# Template

## Attempt 1

In [1]:
from sklearn.datasets import load_iris

iris = load_iris()

numSamples, numFeatures = iris.data.shape
print(numSamples)
print(numFeatures)
print(list(iris.target_names))

150
4
['setosa', 'versicolor', 'virginica']


Let's divide our data into 20% reserved for testing our model, and the remaining 80% to train it with. By withholding our test data, we can make sure we're evaluating its results based on new flowers it hasn't seen before. Typically we refer to our features (in this case, the petal sizes) as X, and the labels (in this case, the species) as y.

In [2]:
from sklearn.model_selection import train_test_split

X_train, X_test, y_train, y_test = train_test_split(iris.data, iris.target, test_size=0.2, random_state=0)

In [3]:
X_train, X_test, y_train, y_test

(array([[6.4, 3.1, 5.5, 1.8],
        [5.4, 3. , 4.5, 1.5],
        [5.2, 3.5, 1.5, 0.2],
        [6.1, 3. , 4.9, 1.8],
        [6.4, 2.8, 5.6, 2.2],
        [5.2, 2.7, 3.9, 1.4],
        [5.7, 3.8, 1.7, 0.3],
        [6. , 2.7, 5.1, 1.6],
        [5.9, 3. , 4.2, 1.5],
        [5.8, 2.6, 4. , 1.2],
        [6.8, 3. , 5.5, 2.1],
        [4.7, 3.2, 1.3, 0.2],
        [6.9, 3.1, 5.1, 2.3],
        [5. , 3.5, 1.6, 0.6],
        [5.4, 3.7, 1.5, 0.2],
        [5. , 2. , 3.5, 1. ],
        [6.5, 3. , 5.5, 1.8],
        [6.7, 3.3, 5.7, 2.5],
        [6. , 2.2, 5. , 1.5],
        [6.7, 2.5, 5.8, 1.8],
        [5.6, 2.5, 3.9, 1.1],
        [7.7, 3. , 6.1, 2.3],
        [6.3, 3.3, 4.7, 1.6],
        [5.5, 2.4, 3.8, 1.1],
        [6.3, 2.7, 4.9, 1.8],
        [6.3, 2.8, 5.1, 1.5],
        [4.9, 2.5, 4.5, 1.7],
        [6.3, 2.5, 5. , 1.9],
        [7. , 3.2, 4.7, 1.4],
        [6.5, 3. , 5.2, 2. ],
        [6. , 3.4, 4.5, 1.6],
        [4.8, 3.1, 1.6, 0.2],
        [5.8, 2.7, 5.1, 1.9],
        [5

Now we'll load up XGBoost, and convert our data into the DMatrix format it expects. One for the training data, and one for the test data.

In [3]:
import xgboost as xgb

train = xgb.DMatrix(X_train, label=y_train)
test = xgb.DMatrix(X_test, label=y_test)

Now we'll define our hyperparameters. We're choosing softmax since this is a multiple classification problem, but the other parameters should ideally be tuned through experimentation.

In [4]:
param = {
    'max_depth': 4,
    'eta': 0.3,
    'objective': 'multi:softmax',
    'num_class': 3} 
epochs = 10 

Let's go ahead and train our model using these parameters as a first guess.

In [5]:
model = xgb.train(param, train, epochs)

Now we'll use the trained model to predict classifications for the data we set aside for testing. Each classification number we get back corresponds to a specific species of Iris.

In [6]:
predictions = model.predict(test)

In [7]:
print(predictions)

[2. 1. 0. 2. 0. 2. 0. 1. 1. 1. 2. 1. 1. 1. 1. 0. 1. 1. 0. 0. 2. 1. 0. 0.
 2. 0. 0. 1. 1. 0.]


Let's measure the accuracy on the test data...

In [8]:
from sklearn.metrics import accuracy_score

accuracy_score(y_test, predictions)

1.0

Holy crow! It's perfect, and that's just with us guessing as to the best hyperparameters!

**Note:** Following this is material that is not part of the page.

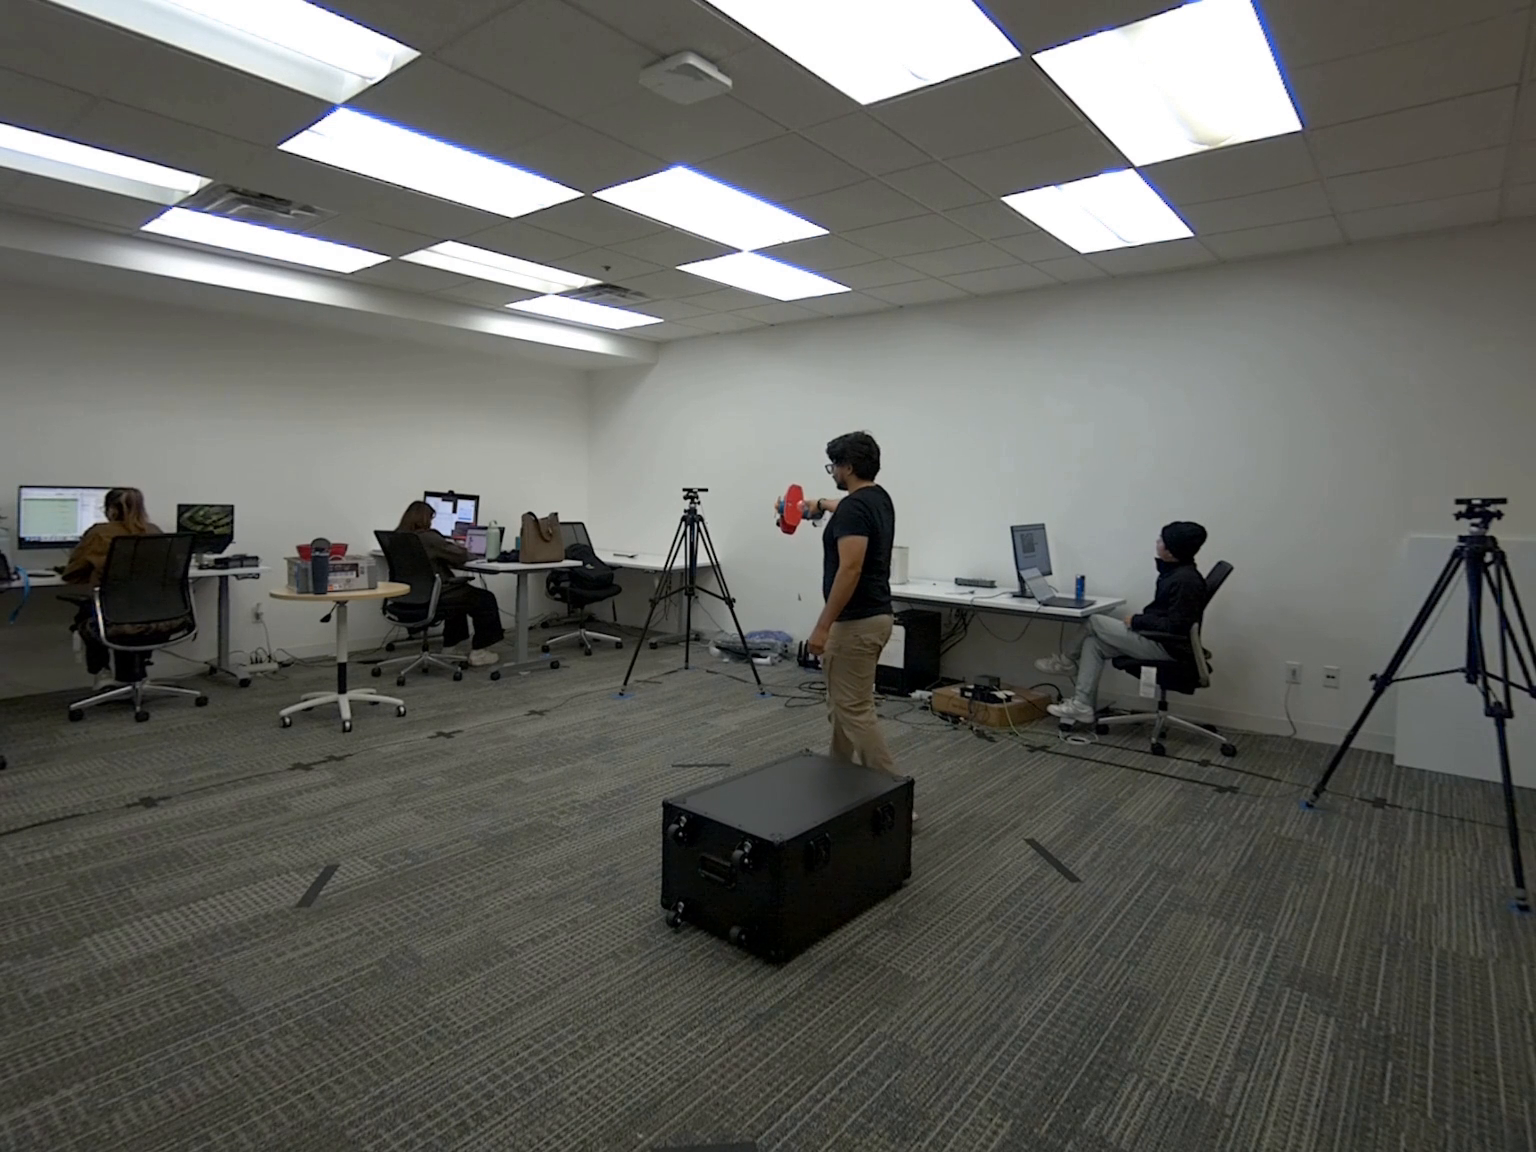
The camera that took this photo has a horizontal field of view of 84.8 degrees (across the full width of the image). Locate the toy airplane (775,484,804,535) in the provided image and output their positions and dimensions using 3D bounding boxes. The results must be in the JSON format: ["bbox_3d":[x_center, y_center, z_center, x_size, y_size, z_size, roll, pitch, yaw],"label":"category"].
[{"bbox_3d":[0.154,-0.353,4.398,0.257,0.260,0.152,-19,-31,-10],"label":"toy airplane"}]

Normally I'd have you experiment to find better hyperparameters as an activity, but you can't improve on those results. Instead, see what it takes to make the results worse! How few epochs (iterations) can I get away with? How low can I set the max_depth? Basically try to optimize the simplicity and performance of the model, now that you already have perfect accuracy.